Michel Vacher, Frédéric Aman, Solange Rossato, François Portet, Benjamin Lecouteux · 2019 · ACM Transactions on Accessible Computing (TACCESS) · doi:10.1145/3310132

Summary

This paper presents CirdoX, a hands-free voice user interface system designed to detect emergency calls for help from older adults living alone at home. Wearable personal emergency response (PER) systems — typically pendant buttons worn on the neck or wrist — are the mainstream solution for allowing frail individuals to call for help, but research consistently shows they are poorly adopted: older adults forget to wear them, find them stigmatizing, cannot reach them after a fall, or simply choose not to use them.

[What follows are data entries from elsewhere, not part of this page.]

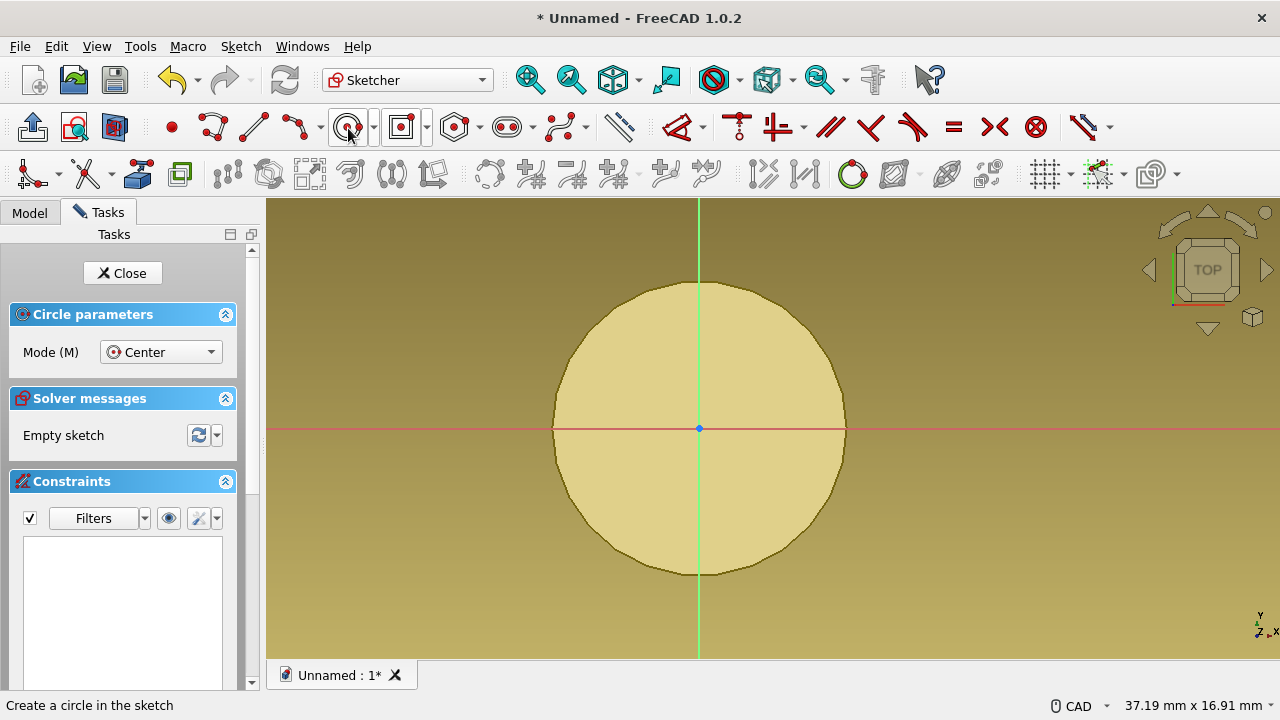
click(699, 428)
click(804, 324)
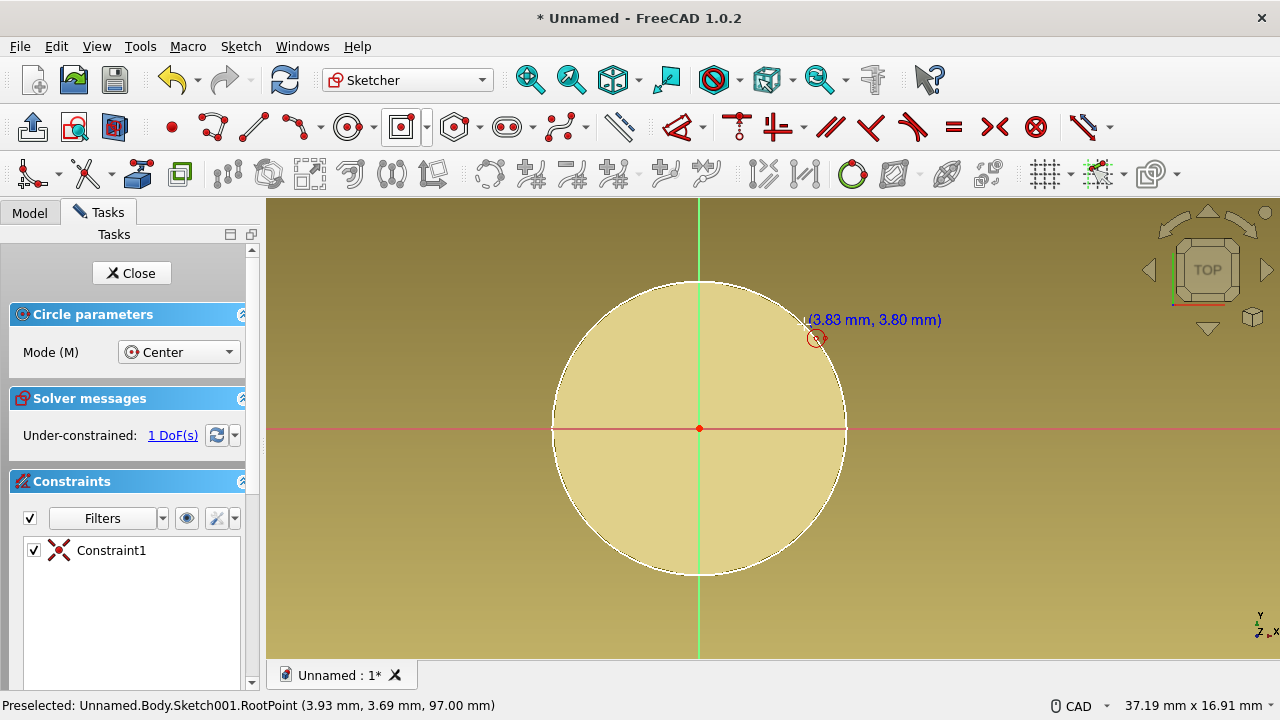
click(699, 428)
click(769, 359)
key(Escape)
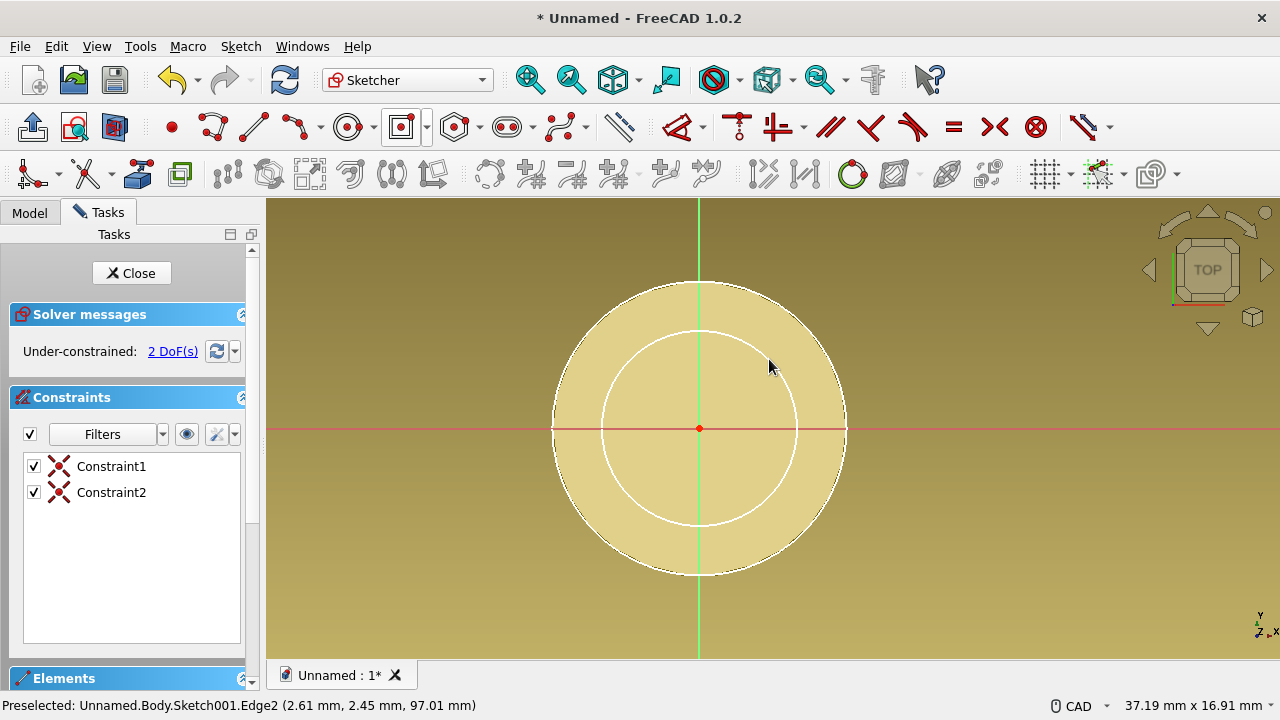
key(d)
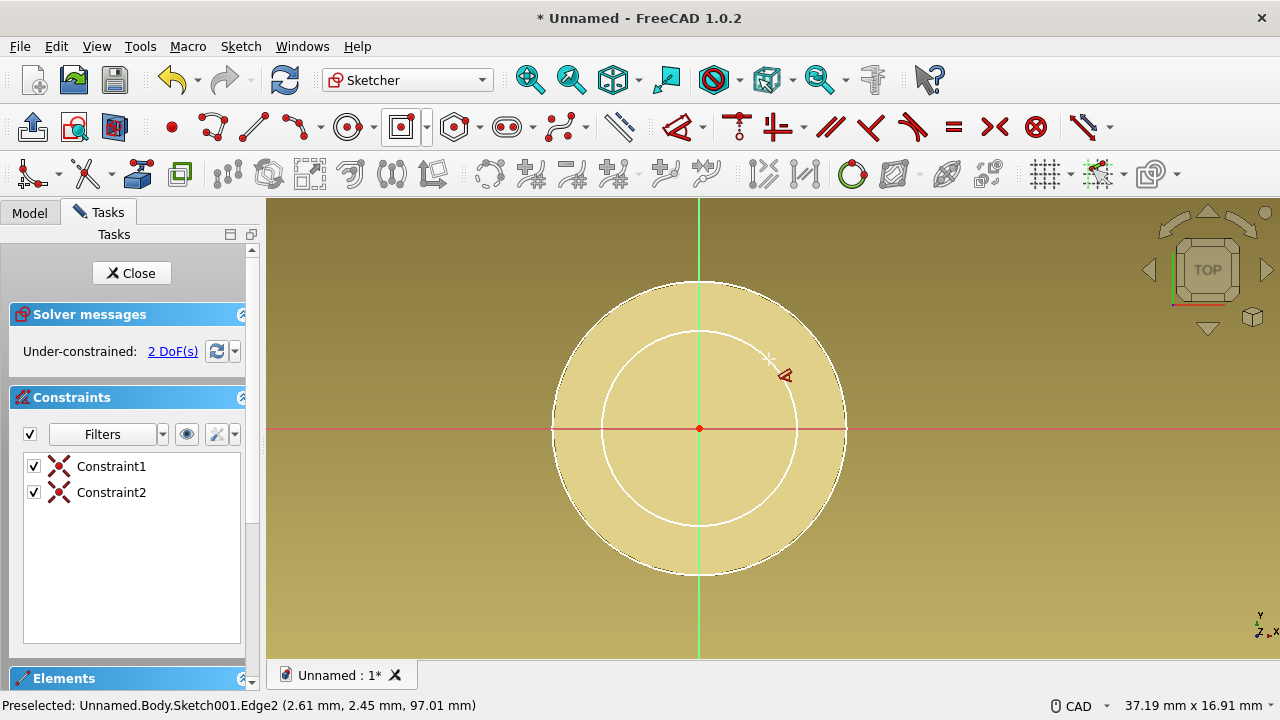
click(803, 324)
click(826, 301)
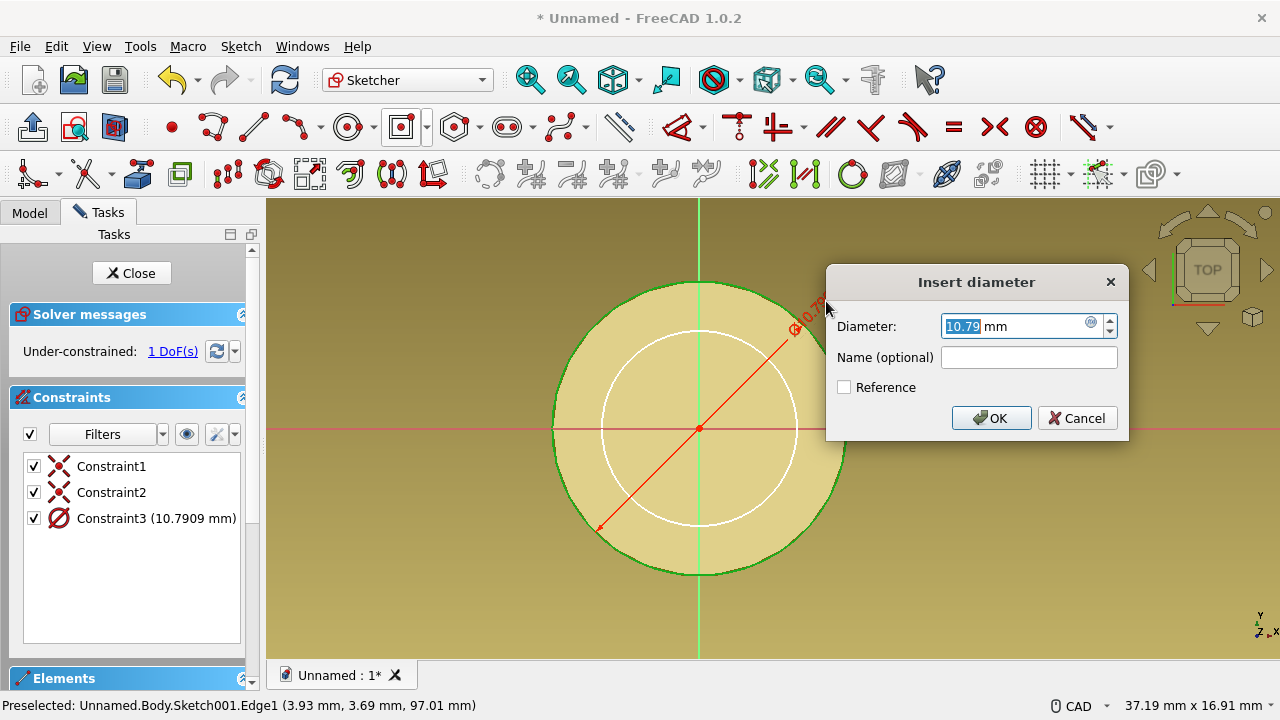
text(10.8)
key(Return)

A voice-based system eliminates these problems because it requires no physical proximity or wearable device, operates through natural language ("Help me!" or "I fell"), and is always available through ceiling-mounted microphones. The system faces multiple compounding technical challenges: it must process distant speech (2.5+ meters from the microphone) rather than close-talk input, handle emotionally stressed voices altered by pain, fear, or panic, recognize older adults' voices which differ acoustically from typical ASR training populations, distinguish emergency calls from ordinary conversation, and operate in real-time with very low false alarm rates in a privacy-respecting manner. The research used an innovative methodology: since it is ethically and practically difficult to have older adults enact falls, 13 younger participants wore old-age simulators that hampered their mobility, vision, and hearing while performing emergency scenarios (slips, stumbles, falls, inability to rise from a sofa) in a living lab, alongside 4 actual older adults aged 61-83.

Key findings

The online (real-time) system achieved a Call Error Rate (CER) of 27% with the adapted acoustic model, meaning 73% of emergency calls were correctly detected. The off-line improved system using Subspace GMM acoustic models reduced CER to 24% overall (23% for younger participants with simulators, 28% for older adults). A critical challenge was that 26% of emergency calls were filtered out before even reaching the ASR stage because the speech/non-speech discrimination module classified them as non-speech — particularly when the call for help was overlaid with noise from the fall itself (only 43.2% of noisy speech events were correctly classified as speech versus 86.3% for clean speech). Very short emergency utterances like "aïe" (ouch) or "oh là" proved particularly challenging for the language model. WER for emergency calls improved dramatically from 80.5% with the generic model to 49.3% with the adapted model, but remained high due to distant speech conditions and emotional vocal qualities. The false alarm rate was extremely low (0.66%), which is critical for real-world deployment — a system that frequently triggers false alarms would be quickly abandoned. The adapted acoustic model, trained using Maximum Likelihood Linear Regression with just 9 minutes of older adult speech data from the Sweet-Home corpus, produced the most significant performance gains.

Relevance

This research addresses a life-or-death accessibility problem: falls are the leading cause of dependency and a major cause of death among older adults, and "long-lies" (remaining on the floor for over an hour after a fall) dramatically increase mortality risk. Current PER technology fails precisely when it is most needed because it requires the person to be wearing a device and able to press a button. For ambient assisted living developers, the paper provides a detailed technical blueprint for voice-based emergency detection, including the critical finding that adapting acoustic models to older voices with very small amounts of data (9 minutes) yields substantial improvements. The 24% call error rate, while not yet sufficient for standalone deployment, establishes that the approach is viable and identifies specific areas for improvement — particularly noise robustness during falls and recognition of very short utterances. For the aging-in-place technology community, this work demonstrates a privacy-respecting alternative to camera-based monitoring: the system listens only for emergency calls and ignores all other speech, addressing the surveillance concerns raised elsewhere in our collection.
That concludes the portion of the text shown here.